Two days into the Fine Gael leadership campaign, Simon Coveney had a key decision to make. The previous 48 hours had been a washout, with many of his parliamentary party colleagues siding with his rival Leo Varadkar. It was beginning to look like a rout.
Coveney spoke to his family (his wife Ruth and brother Patrick in particular), his campaign manager Damien English, Minister for Health Simon Harris, his own advisers and a band of about a dozen TDs and Senators who were loyal to him.
There were various views about his prospects, with one or two saying it did not look good. But Coveney and English both signalled strongly they were not going to go down without a fight.
Still, at that moment they were looking at a heavy defeat. Coveney thought he had received copper-fastened assurances of support from more than 30 TDs, MEPs and Senators. When he and 13 parliamentarians marched up Mount Street on Thursday, May 18th, to lodge his nomination papers at party headquarters, it was intended as an early show of strength. They were hoping the numbers would creep up to 30 by the first weekend of the campaign.
Shock and awe
Unfortunately for him, in a series of co-ordinated press events that Thursday, the rival team trumped them with a “shock and awe” demonstration of strength.
By the next day, Varadkar’s endorsements were in the high 30s – and when he held his official launch on Saturday, it was overwhelming. His team now included a number of Ministers and TDs who had privately told Coveney they would support him.
“That Friday and Saturday was the low point,” said Dún Laoghaire TD Maria Bailey, one of Coveney’s strongest supporters.
But on the Saturday night, 600 people turned out for a rally and their energy and anger gave him renewed optimism. English drove the new strategy of appealing directly to the membership, intending to win enough support among the grassroots to make five or six TDs rethink their strategy and switch from Varadkar to Coveney. It was a long shot.
A series of public meetings was organised around the country, in advance of the four hustings organised by the party. The turnouts at the public meetings were good, and Coveney also surpassed himself at the hustings. He seemed to have gathered momentum until Varadkar halted his gallop in Cork last Sunday night.

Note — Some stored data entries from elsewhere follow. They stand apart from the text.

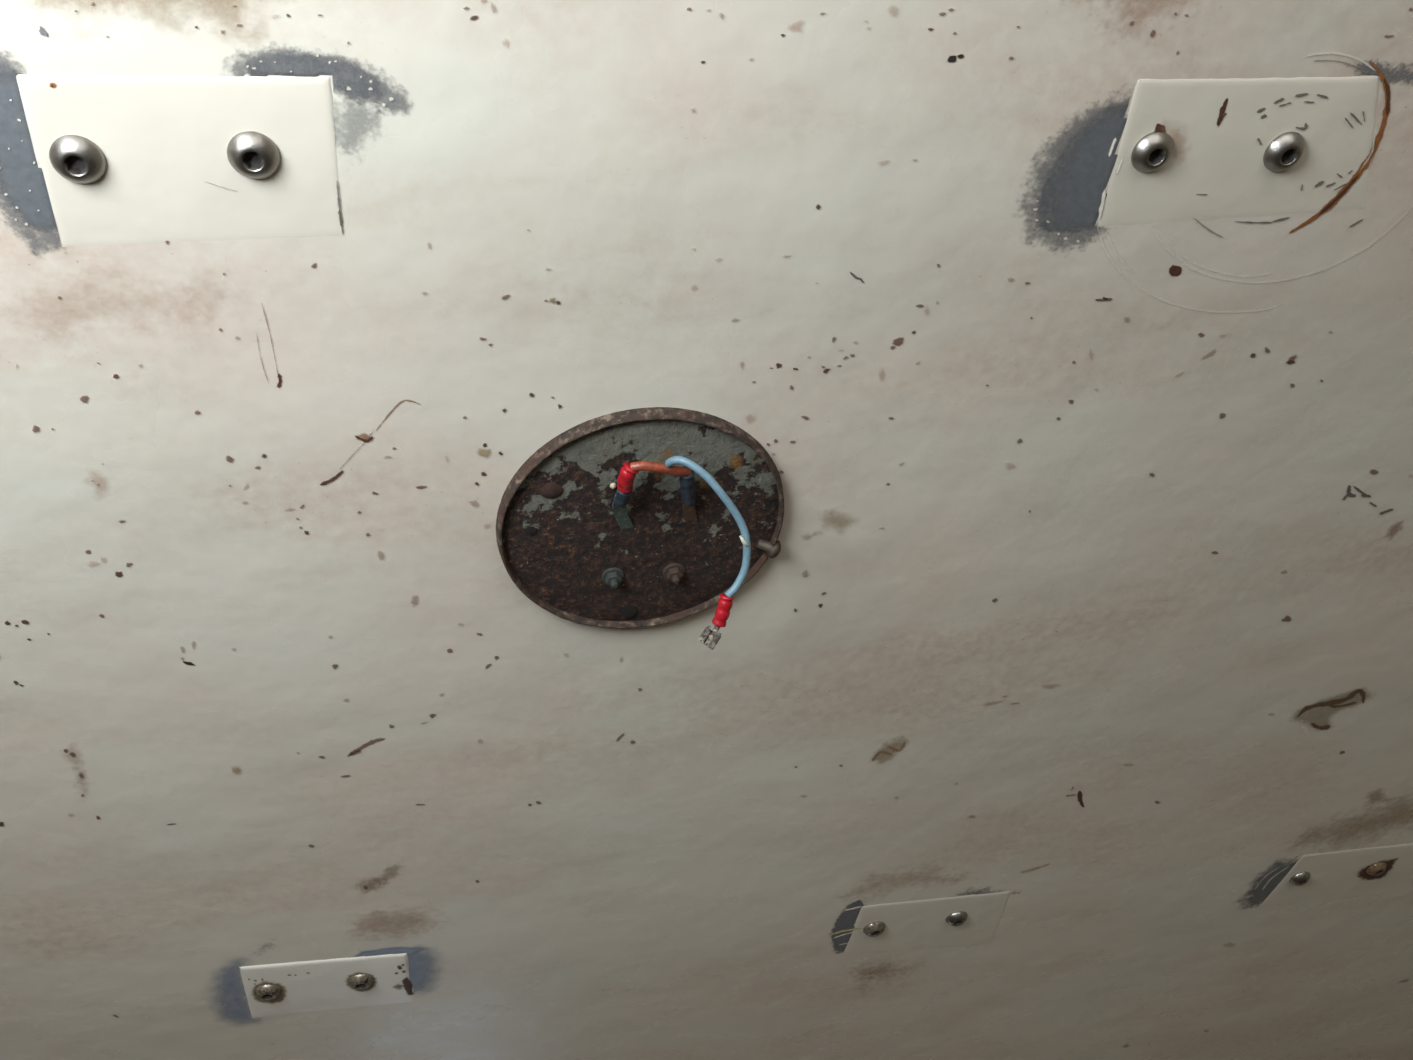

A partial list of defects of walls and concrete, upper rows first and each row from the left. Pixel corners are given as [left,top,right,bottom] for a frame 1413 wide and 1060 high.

peeling [0,55,62,255]
peeling [232,49,409,113]
peeling [1022,98,1130,250]
rust [475,443,503,486]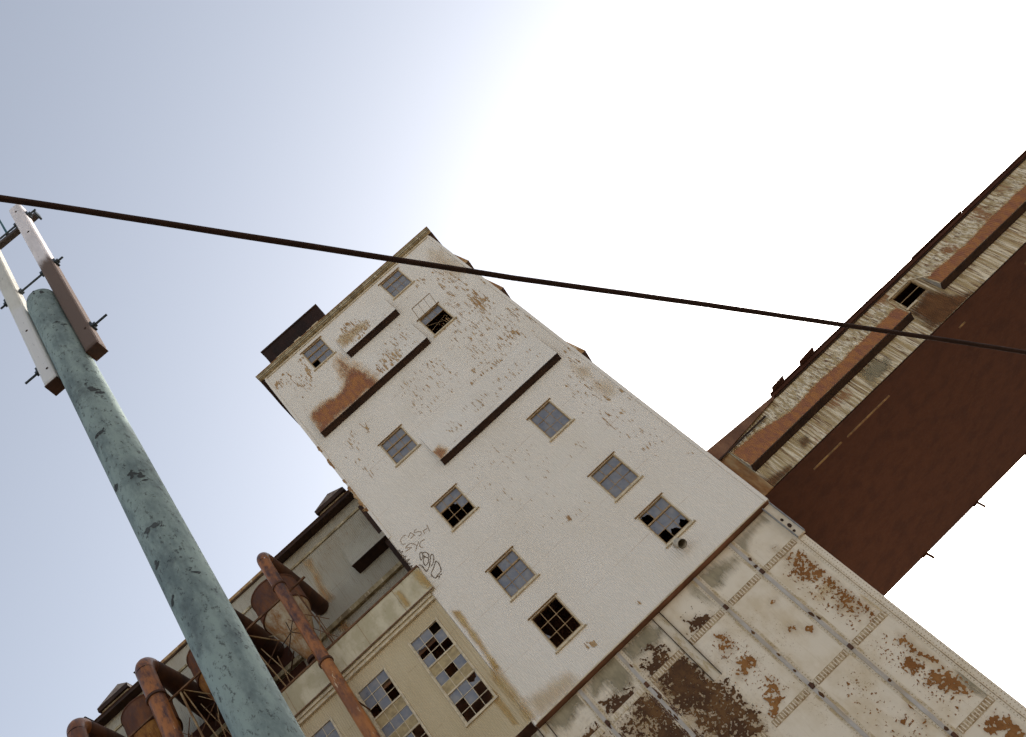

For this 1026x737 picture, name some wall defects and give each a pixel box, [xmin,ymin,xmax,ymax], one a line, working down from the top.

peeling [339,314,385,345]
peeling [375,324,418,376]
peeling [275,357,315,398]
corrosion [311,359,377,432]

Coveney had 20 members of the parliamentary party and they stayed with him through thick and thin. But the approach was scattergun. “We just ended up throwing everything at everything,” said one, in contrast to the Varadkar campaign which had the co-ordination of a military operation.
Membership backing
However, the Coveney appeal to the membership paid off. It became clear that whatever the parliamentary party was saying, the membership was rowing in behind him. This was borne out by him winning that vote among the membership more decisively than had been predicted – by 65 per cent to 35 per cent.
Coveney continued campaigning right to the end, using every available medium. He made himself available to Vincent Browne on TV3, Sean O’Rourke on RTÉ and to virtually every local radio station.

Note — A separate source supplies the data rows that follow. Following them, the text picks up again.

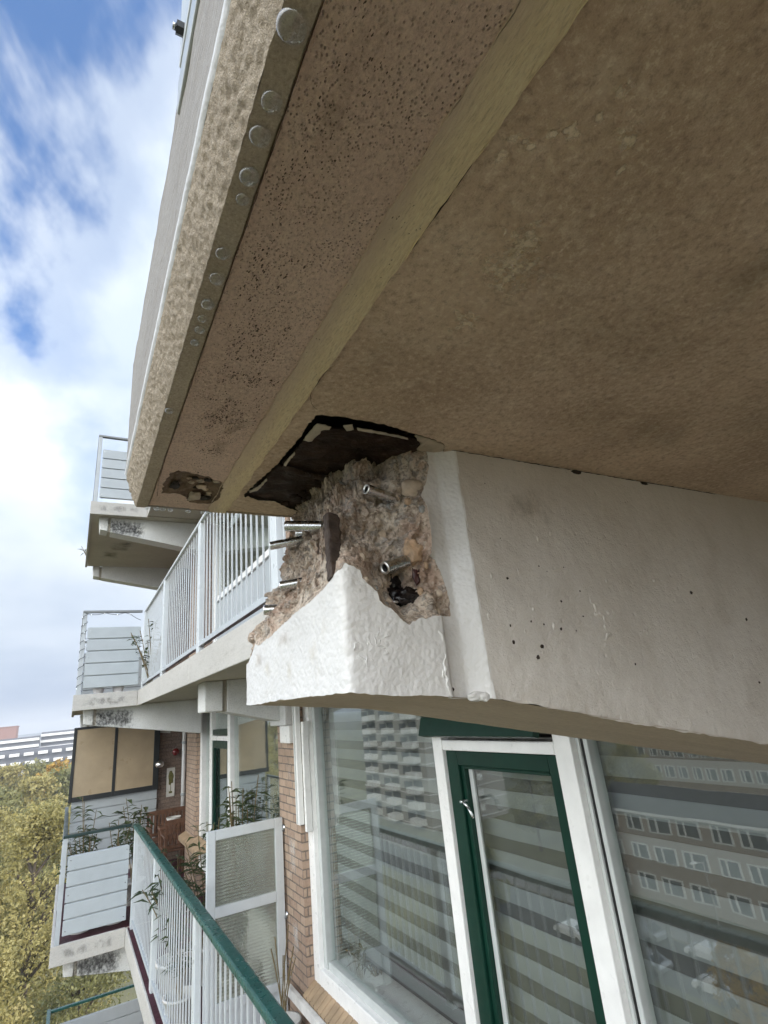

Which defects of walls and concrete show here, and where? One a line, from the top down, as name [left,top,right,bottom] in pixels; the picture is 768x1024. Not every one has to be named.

spalling [162,53,451,663]
corrosion [323,512,342,582]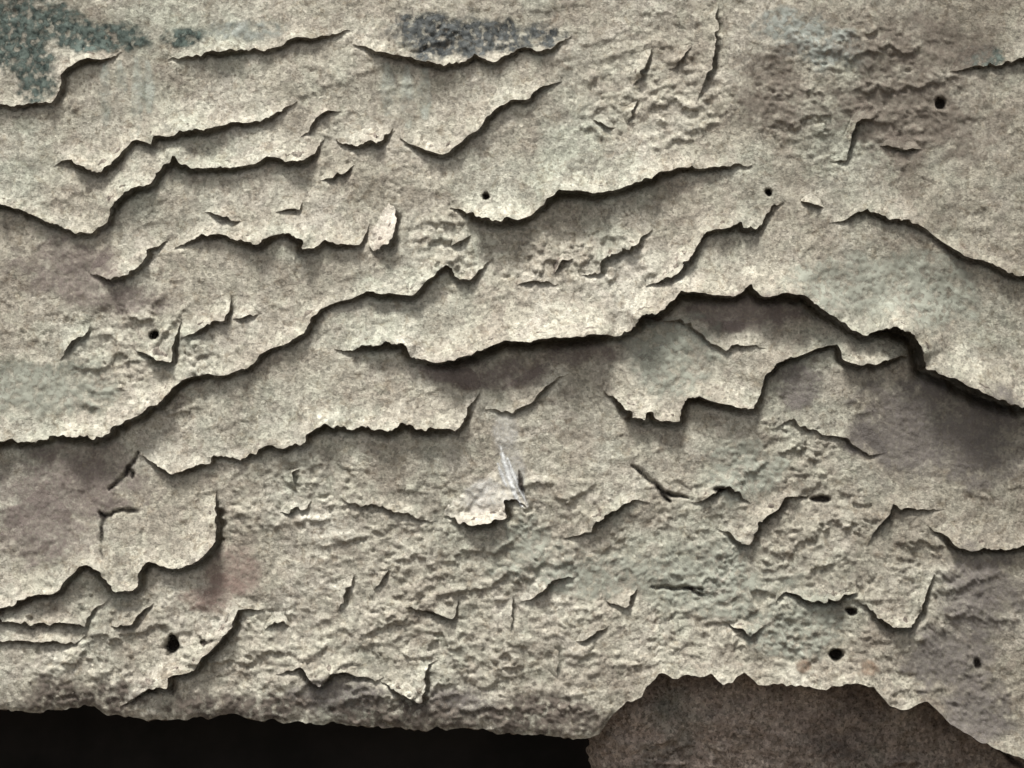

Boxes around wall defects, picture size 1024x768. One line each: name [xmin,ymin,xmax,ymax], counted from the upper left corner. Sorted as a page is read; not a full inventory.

peeling [0,0,1024,474]
peeling [279,468,311,514]
peeling [340,461,528,526]
peeling [563,467,650,538]
crack [633,466,683,501]
peeling [691,453,812,545]
peeling [864,480,1024,551]
peeling [0,470,217,644]
peeling [404,586,458,619]
peeling [500,551,577,632]
peeling [775,550,935,629]
peeling [109,575,438,718]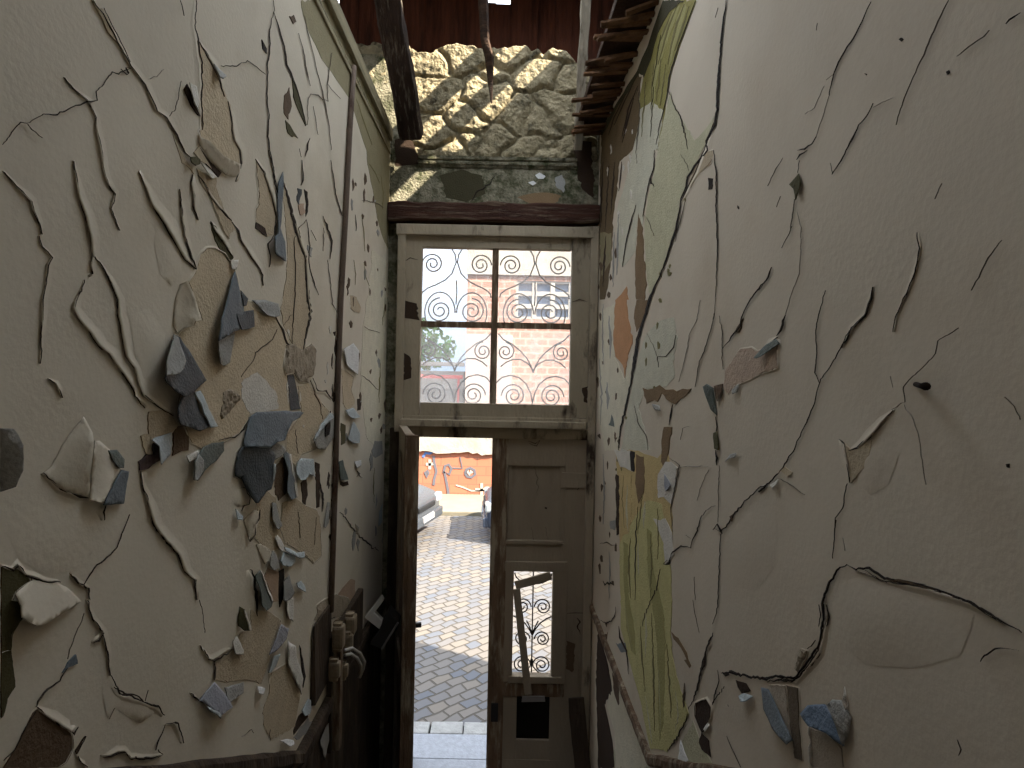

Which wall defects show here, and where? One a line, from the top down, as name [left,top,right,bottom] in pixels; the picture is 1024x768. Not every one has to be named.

crack [830,0,949,174]
crack [2,0,382,419]
crack [618,0,871,450]
crack [892,232,922,332]
peeling [0,428,24,492]
peeling [42,39,386,747]
peeling [703,338,780,415]
crack [567,286,1022,750]
crack [0,471,231,767]
peeling [596,622,650,768]
spalling [693,696,714,758]
peeling [736,680,846,768]

As the week progressed, Coveney himself made most of the the phone calls to TDs who it was thought might be persuaded to change their minds. His camp said at least two had changed their minds but would not name them.
On Thursday night, Coveney spent hours phoning his parliamentary colleagues who had pledged for Varadkar, asking them to reconsider. It made no difference in the end. The final result of 51 to 22 showed there were no “shifters” and only one of the six TDs who had not declared publicly for one or other candidate – Michael Creed, Seán Kelly, Enda Kenny, Martin Heyden, Michael Noonan and Bernard Durkan – plumped for the Cork man.
If Coveney’s supporters were to identify a moment when the race was lost, they would have to go back a long way – a year at least.
“No matter what Leo says, they were preparing for this campaign since the general election, and certainly since last July,” said one Coveney insider. “They had the website ready to go and all their snazzy design work and the logistics and finances to mount a campaign and rent a headquarters in Mount Street, which is not cheap. In retrospect we should have started earlier.”
Rival’s headstart
Coveney’s campaign did not really begin in earnest until last February and his supporters say Varadkar had a headstart on him at that stage.
It was clear Varadkar had taken a leaf out of the Charlie Haughey primer, and did the 21st-century equivalent of the chicken-dinner circuit. Coveney’s supporters say Varadkar’s ministry allowed him to do that, while their man, as Minister for Housing, was hopping from one national crisis to another.
“He put the country first,” said Bailey. “He was dealing with water and housing and they had to be his priorities.”
When the final count was announced, Coveney could take consolation their grassroots campaign had energised and prolonged a contest that had looked like a dead rubber after the first two days.